Baez Drops Bombs In Chattanooga
Javier Baez is a beast. How’s that for scouting? Seriously, seeing him punish baseballs in Chattanooga last Sunday reminded me of scouting Xander Bogaerts, Yasiel Puig and other impact prospects with the bat. Baez’ power was not quite Stanton-like, but plus power from the shortstop position is a rarity. Baez is a physical player who used uncanny brute force for his size. Four at bats resulted in three lasers including a double down the left field line and towering home run to left-centerfield.
And while I expected to see the bat, Baez’ glove was even more surprising. At shortstop, he had fluid motions and plenty of arm strength for the position. Is he going to range deep in either hole to make highlight reel plays? Probably not, but a shortstop who is able to field everything in front of him and make the routine throws has value – especially when it’s a 25-plus home run bat.
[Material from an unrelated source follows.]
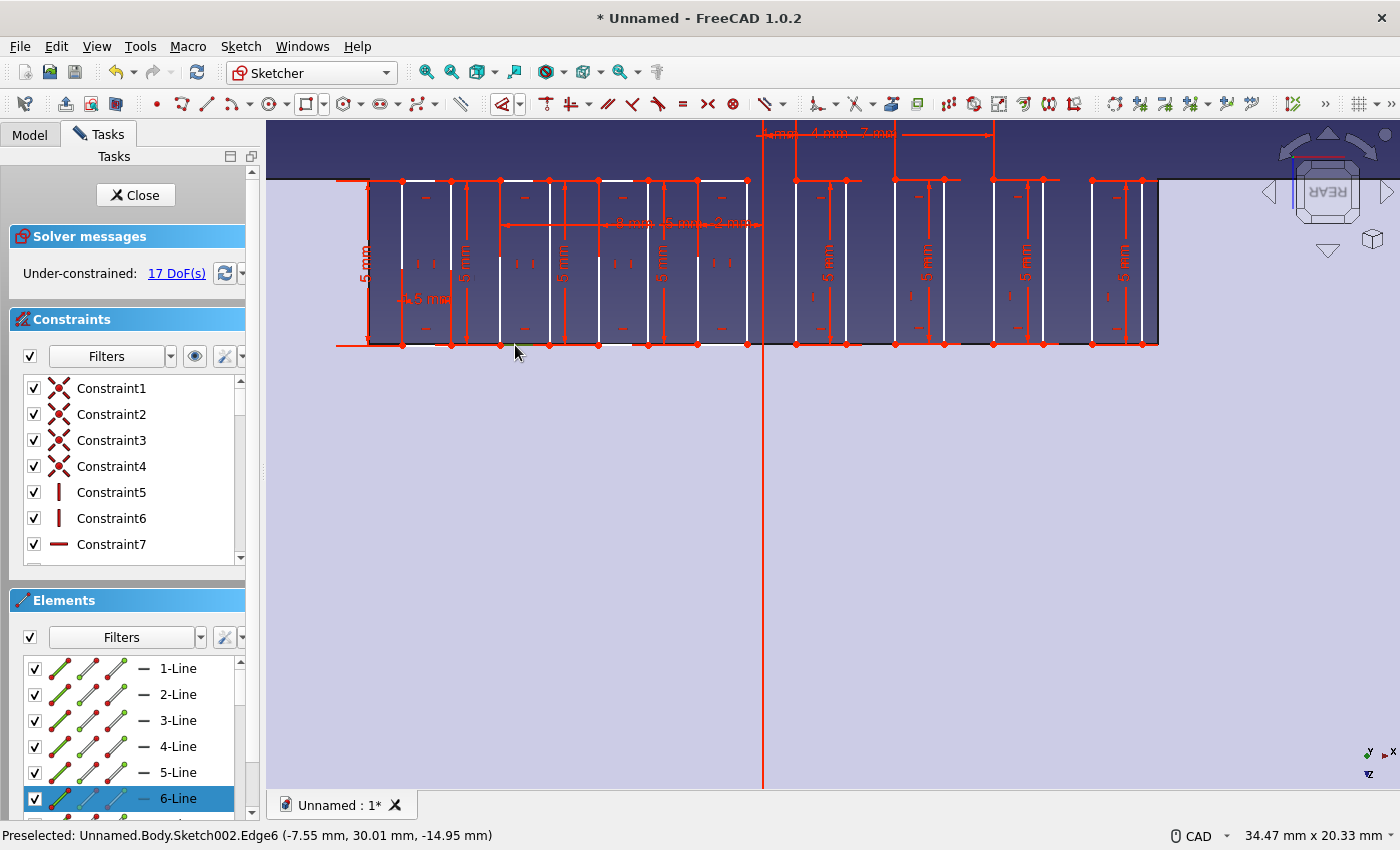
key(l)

If one can view Bogaerts as a legitimate shortstop at the Major League level, then Baez deserves the benefit of the doubt too.
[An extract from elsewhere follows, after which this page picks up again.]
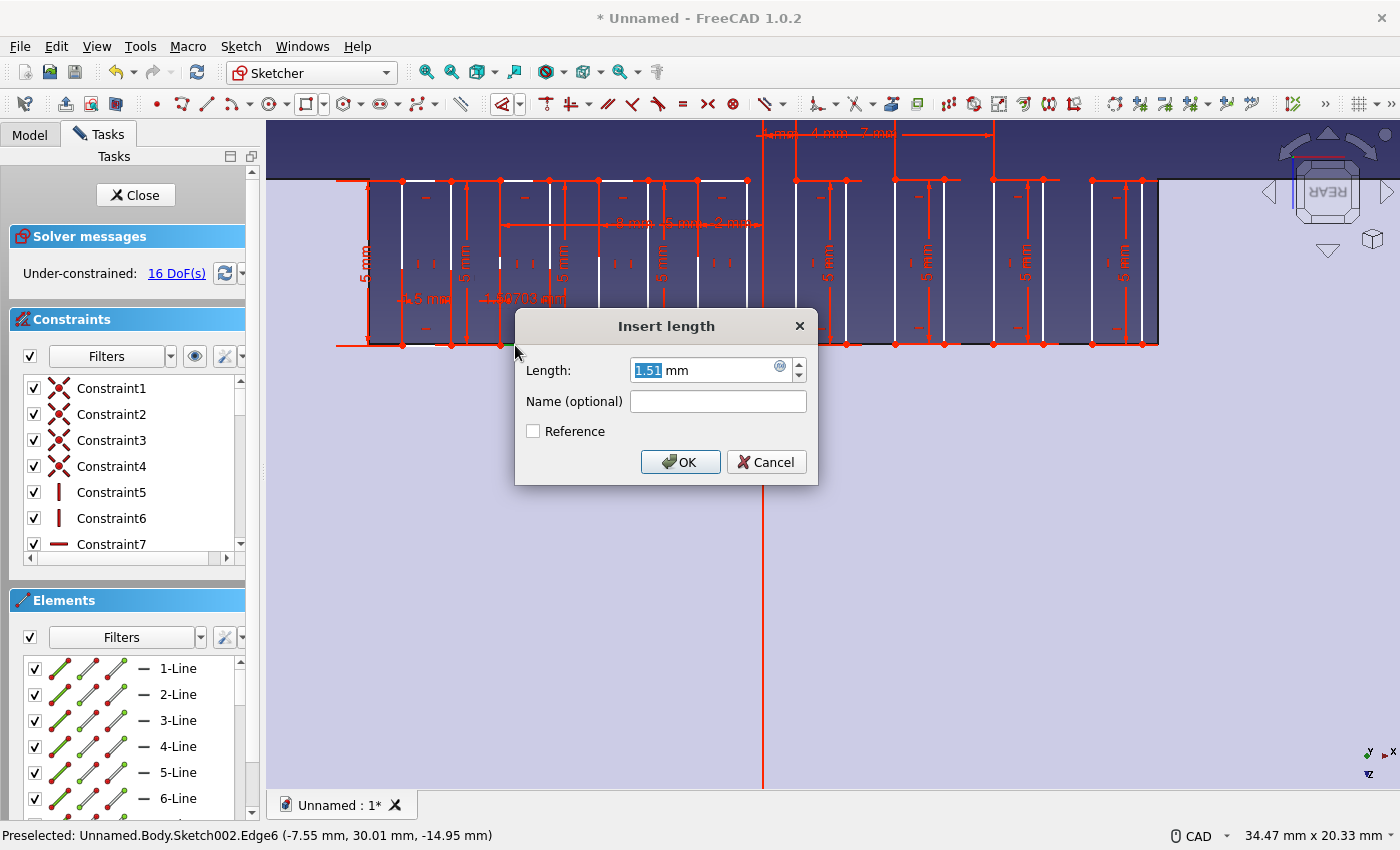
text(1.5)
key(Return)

I know prospect followers freaked when Baez struggled out of the gate, but he consider the ship righted. Yes, the strikeouts are high, but I trust they’ll come down once Baez tweaks his set up a bit. Everything he does in the batter’s box is loud, and Baez will eventually learn to quiet timing mechanisms while maintaining bat speed.
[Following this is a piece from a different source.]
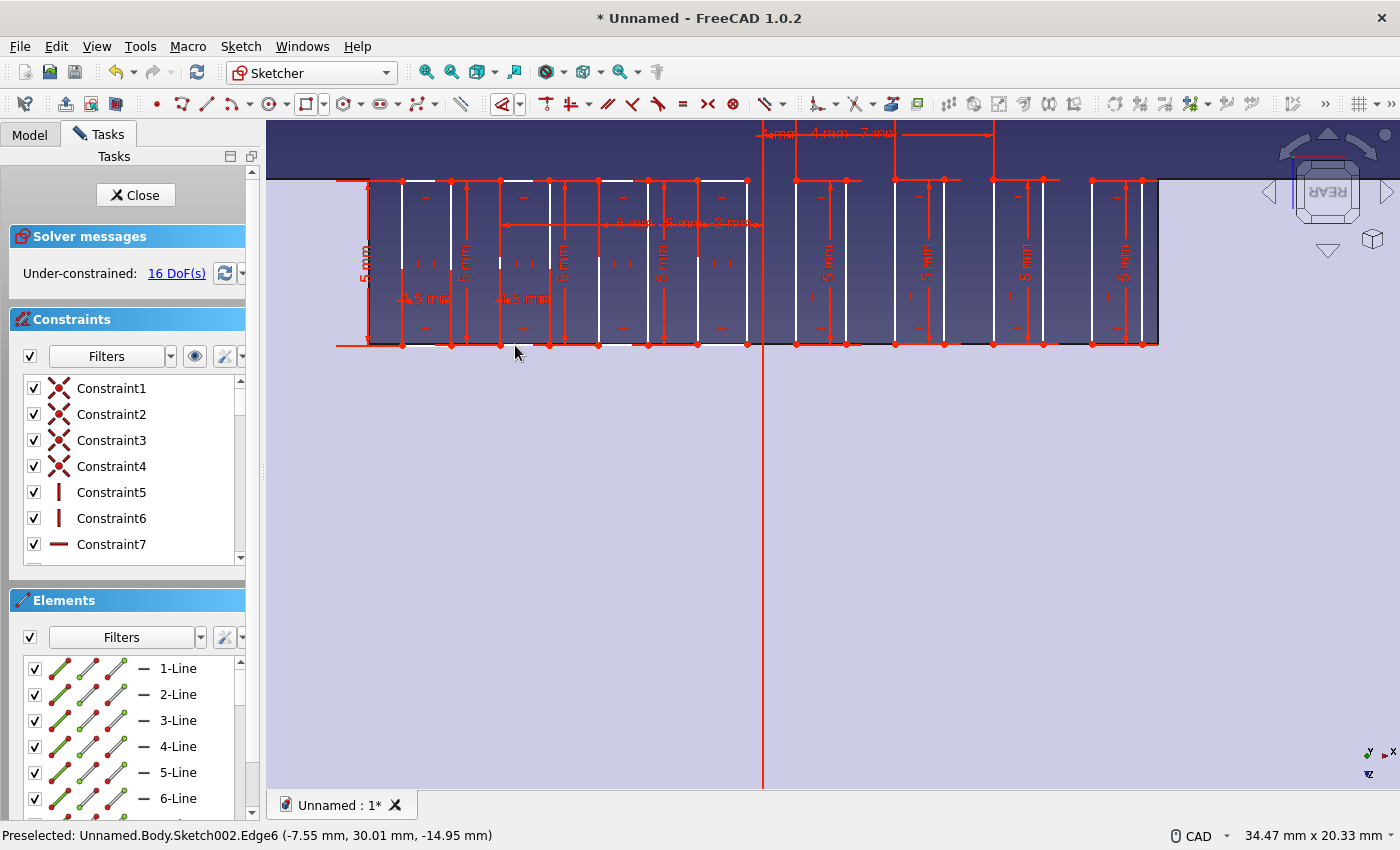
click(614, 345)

Back in 2011, I wrote about Bryce Harper having a long swing plane, but that it didn’t really matter because his bat speed was so special. Baez has me thinking along the same lines. In game action, Baez’ swing appears long – especially in the back, but I don’t think it will matter much. The power will play.
In dynasty formats, Baez is a bat to build around. The home runs and run production will be there and he’ll be elite if he can maintain a batting average of .270 or higher. The downside is if Baez can’t contain the strikeouts, his batting average will wane. This would result in a triple slash line similar to JJ Hardy.
I also came away impressed with Arismendy Alcantara (again). At second base, he showed plus range for the position and appeared comfortable with the position switch. Throughout the game, Alcantara’s physical appearance reminded me of Michael Bourn. At the Major League level, I trust Alcantara will hit with enough power to push double-digit home runs while contributing 20-30 stolen bases, or more. An above average regular is definitely a possibility.
For fantasy purposes, Alcantara will be a player to target as he approaches a call up. Like Jonathan Villar, Wilmer Flores or Chris Owings who I’ve discussed acquiring in previous newsletters, Alcantara is solid prospect who’ll gain value as a promotion becomes more likely. This can be said about any prospect, but remember it’s a risk-vs.-reward venture.
A player like Byron Buxton is worth owning from day one because the reward is great enough to use a roster spot and wait for multiple years. Alcantara is not this type of player. In his case, it’s time to buy when the risk of his being a big leaguer is nil because the reward is limited. Right now, I wouldn’t spend a roster spot on Alcantara to stash him through the off-season.